Exercise —
Beginning with the first line, return the material verbatim and without pictures.

Dataset content —

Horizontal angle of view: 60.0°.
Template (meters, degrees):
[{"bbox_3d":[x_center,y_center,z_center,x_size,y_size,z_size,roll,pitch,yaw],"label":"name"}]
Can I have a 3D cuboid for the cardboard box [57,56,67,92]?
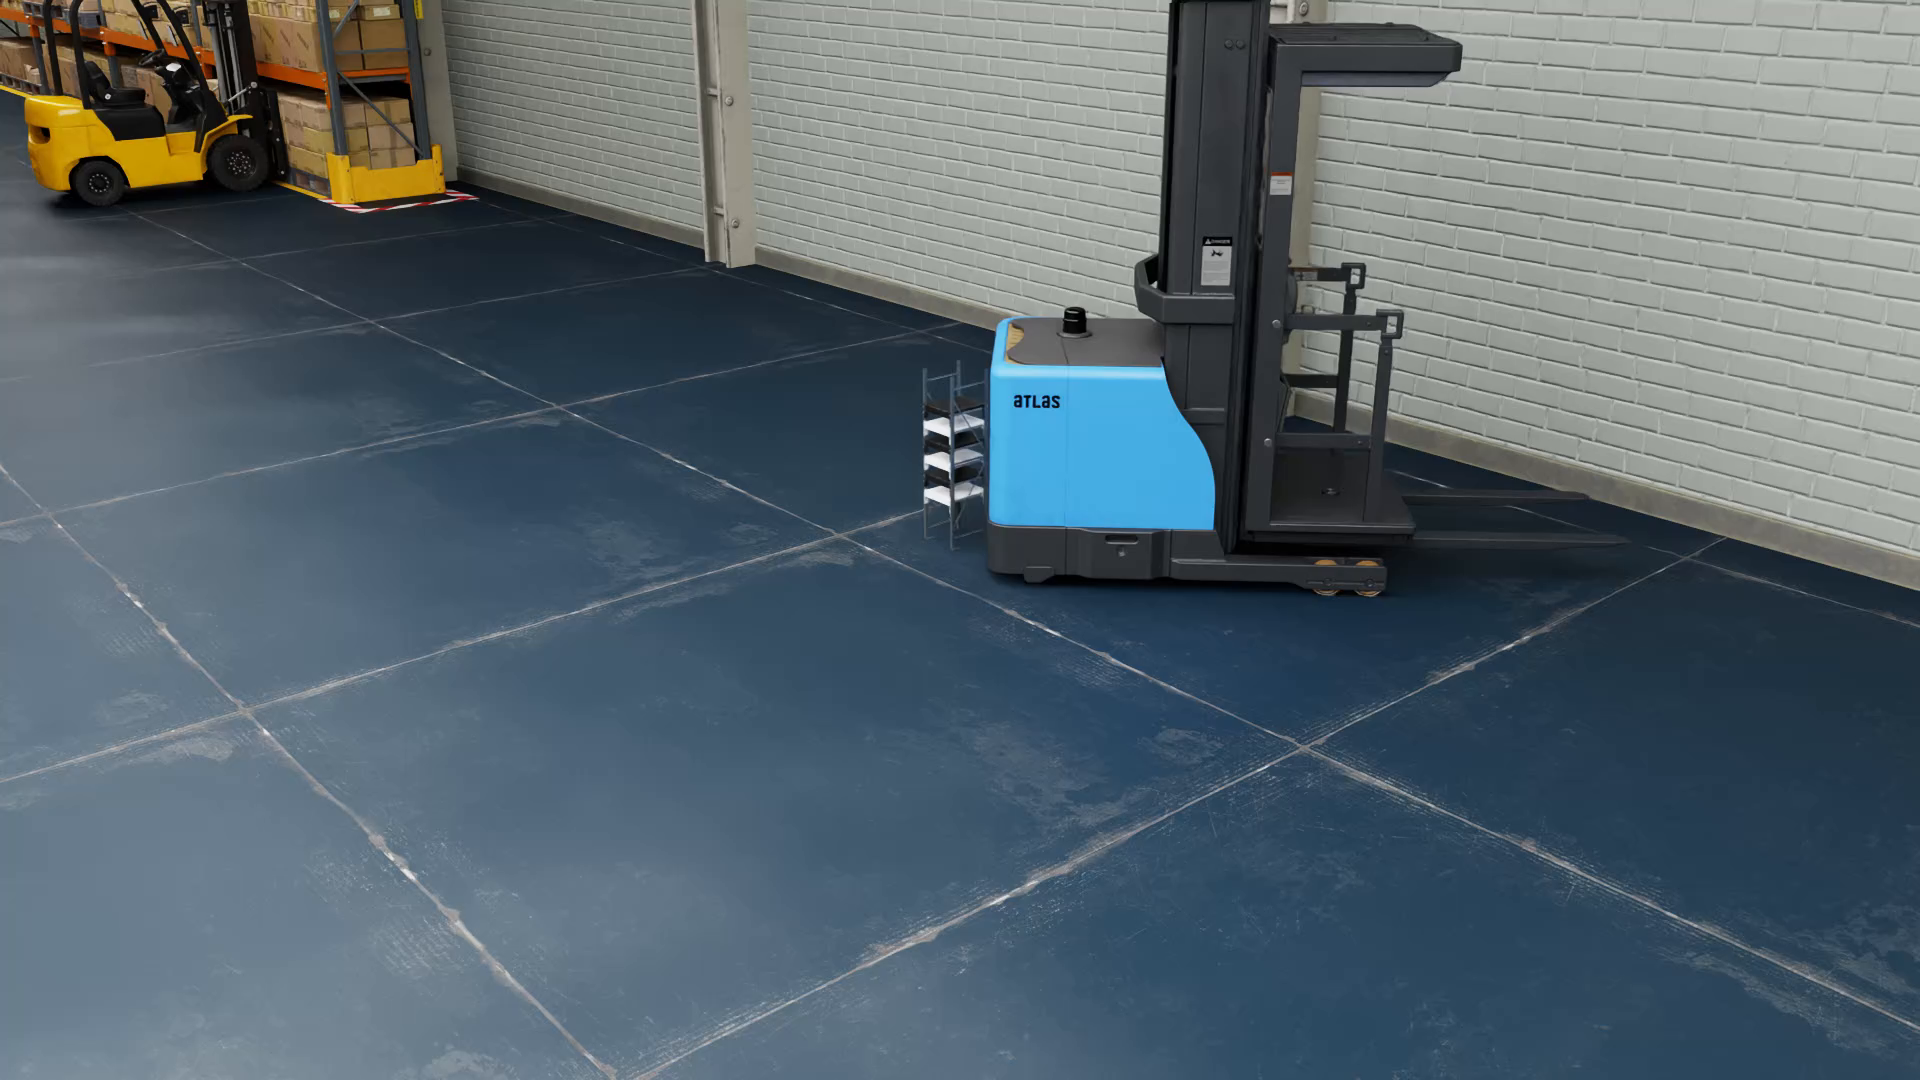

Expected answer —
Horizontal angle of view: 60.0°.
Template (meters, degrees):
[{"bbox_3d":[x_center,y_center,z_center,x_size,y_size,z_size,roll,pitch,yaw],"label":"name"}]
Can I have a 3D cuboid for the cardboard box [57,56,67,92]?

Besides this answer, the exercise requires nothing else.